Attraverso la revisione della letteratura sono stati individuati i sei elementi che formano la pratica di consumo.

1) Comprensione generale: comprensione pratica e significati.

È conoscenza ad un livello più alto e non osservabile, implicita ed intellegibile, non palese. È il modo abituale di comprendere la realtà circostante, un modo codificato. Sul piano concreto si riferisce al comportamento, il fare e il dire: questa conoscenza, pregressa, determina azioni in modo inconsapevole e si manifesta come abitudini, e non è mai definita nettamente; sul piano astratto è l’abilità di riuscire a capire il senso dell’agire proprio e altrui. Il significato invece fa capo al livello dell’interpretazione, che è culturalmente e storicamente specificata.

2) Conoscenza esplicita.

Conoscenza formale manifesta. Si sostanzia in regole, procedure, prescrizioni. È un precetto e non si interpreta. È la sua attuazione che mostra il modo di compierlo correttamente. Si sostanzia in azioni applicate in modo metodico e generalizzato e che si rifanno a concetti chiari e definiti. Fornisce linee guida che indicano il corretto modo di fare, il modo appropriato di consumare un prodotto.

3) Dimensione emotiva.

Emozioni suscitate dalla pratica, in grado di condizionarne il fine. Stabiliscono l’importanza dell’agire. C’è un pattern emozionale che le appartiene, per cui i soggetti esperienzano quelle emozioni, che variano poi a seconda delle caratteristiche personali. È soprattutto il coinvolgimento emozionale che mantiene, sviluppa e rinnova le pratiche: questa dimensione causa il coinvolgimento delle persone, che così le ripetono. Se è previsto lo sviluppo o il mantenimento di relazioni, la carica emozionale è maggiore: i legami e la maggior esposizione che ne consegue amplifica il sentire, soprattutto se ci sono modelli culturali a cui aderire.

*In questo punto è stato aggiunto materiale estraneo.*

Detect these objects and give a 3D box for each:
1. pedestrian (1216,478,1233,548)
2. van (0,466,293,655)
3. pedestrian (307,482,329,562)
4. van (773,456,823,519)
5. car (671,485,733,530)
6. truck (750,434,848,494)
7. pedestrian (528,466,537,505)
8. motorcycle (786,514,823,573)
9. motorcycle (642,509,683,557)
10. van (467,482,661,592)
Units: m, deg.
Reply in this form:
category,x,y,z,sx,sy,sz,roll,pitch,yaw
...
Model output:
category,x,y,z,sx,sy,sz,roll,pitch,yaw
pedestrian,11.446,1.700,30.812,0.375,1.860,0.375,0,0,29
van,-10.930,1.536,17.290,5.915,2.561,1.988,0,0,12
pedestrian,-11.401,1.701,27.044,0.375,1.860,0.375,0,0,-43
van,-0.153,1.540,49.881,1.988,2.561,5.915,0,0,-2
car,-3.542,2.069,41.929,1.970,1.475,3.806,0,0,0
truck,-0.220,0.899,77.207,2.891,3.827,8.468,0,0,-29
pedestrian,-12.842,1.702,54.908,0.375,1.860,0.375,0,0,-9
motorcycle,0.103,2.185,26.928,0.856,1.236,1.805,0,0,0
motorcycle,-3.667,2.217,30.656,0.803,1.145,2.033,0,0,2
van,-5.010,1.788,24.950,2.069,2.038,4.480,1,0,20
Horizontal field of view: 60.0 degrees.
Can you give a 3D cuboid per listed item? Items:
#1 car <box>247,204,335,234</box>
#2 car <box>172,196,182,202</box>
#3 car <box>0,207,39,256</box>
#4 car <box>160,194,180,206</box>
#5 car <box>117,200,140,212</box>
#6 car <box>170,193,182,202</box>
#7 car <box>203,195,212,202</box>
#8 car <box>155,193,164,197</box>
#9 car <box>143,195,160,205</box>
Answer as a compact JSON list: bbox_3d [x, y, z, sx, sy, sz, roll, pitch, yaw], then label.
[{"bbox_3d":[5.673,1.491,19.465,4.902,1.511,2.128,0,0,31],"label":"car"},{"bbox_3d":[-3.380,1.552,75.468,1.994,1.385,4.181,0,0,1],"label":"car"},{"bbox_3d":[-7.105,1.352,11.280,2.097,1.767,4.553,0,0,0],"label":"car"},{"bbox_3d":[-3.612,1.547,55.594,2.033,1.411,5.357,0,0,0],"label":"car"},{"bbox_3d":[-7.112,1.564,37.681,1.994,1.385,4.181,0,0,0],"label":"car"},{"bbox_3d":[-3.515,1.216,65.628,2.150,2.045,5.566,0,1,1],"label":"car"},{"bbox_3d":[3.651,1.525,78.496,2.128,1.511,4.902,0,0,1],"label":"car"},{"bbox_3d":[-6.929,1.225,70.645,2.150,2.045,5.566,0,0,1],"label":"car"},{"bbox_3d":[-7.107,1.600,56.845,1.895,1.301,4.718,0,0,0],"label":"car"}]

4) Attività fisica e mentale.

Azioni codificate come performance incorporate. Sono il fare e il dire. Esse sono ancorate al corpo tramite la mente. È un pattern fisico/mentale indissolubile, di cui anche il modo di pensare è appartenente alla pratica.

63 È la motivazione che fa compiere quella data pratica. Ha natura normativa: la finalità per cui viene agita prescrive ciò che bisogna porre in essere per raggiungere l’obiettivo. Maggiore è la carica emotiva ad esso congiunta, maggiore è la sua rilevanza.

6) Beni di consumo

Possono avere: 1) un ruolo centrale: il soggetto ha come principale obiettivo il loro uso e ne fa un utilizzo diretto; 2) un ruolo collaterale: il loro uso non è il principale obiettivo, tuttavia, sono necessari per compiere la pratica e se ne fa un utilizzo indiretto. Nel primo caso, lo scopo è il consumo del bene; nel secondo, il fine è un altro, ma l’uso dei prodotti è necessario per raggiungerlo. Possono essere consumati -artefatti, materiali, tecnologie e prodotti commerciali-. Anche i prodotti possono essere il centro di gravità di una pratica; possono avere capacità agentica quindi d’azione; possono costringere o abilitare, stabilire vincoli ed essere normativi di determinati comportamenti; possono avere impatto economico, sociale e culturale. Essi sono in relazione con tutte le altre dimensioni e possono influenzarle, ma ne vengono anche influenzati: hanno caratteristiche di passività per cui possono “subire” la pratica, che ascrive loro valore e significato.

Le dimensioni sono tutte fondamentali e vanno a costituire il “blocco” (Reckwitz 2002a) che ne definisce l’anatomia (Shau et al 2009).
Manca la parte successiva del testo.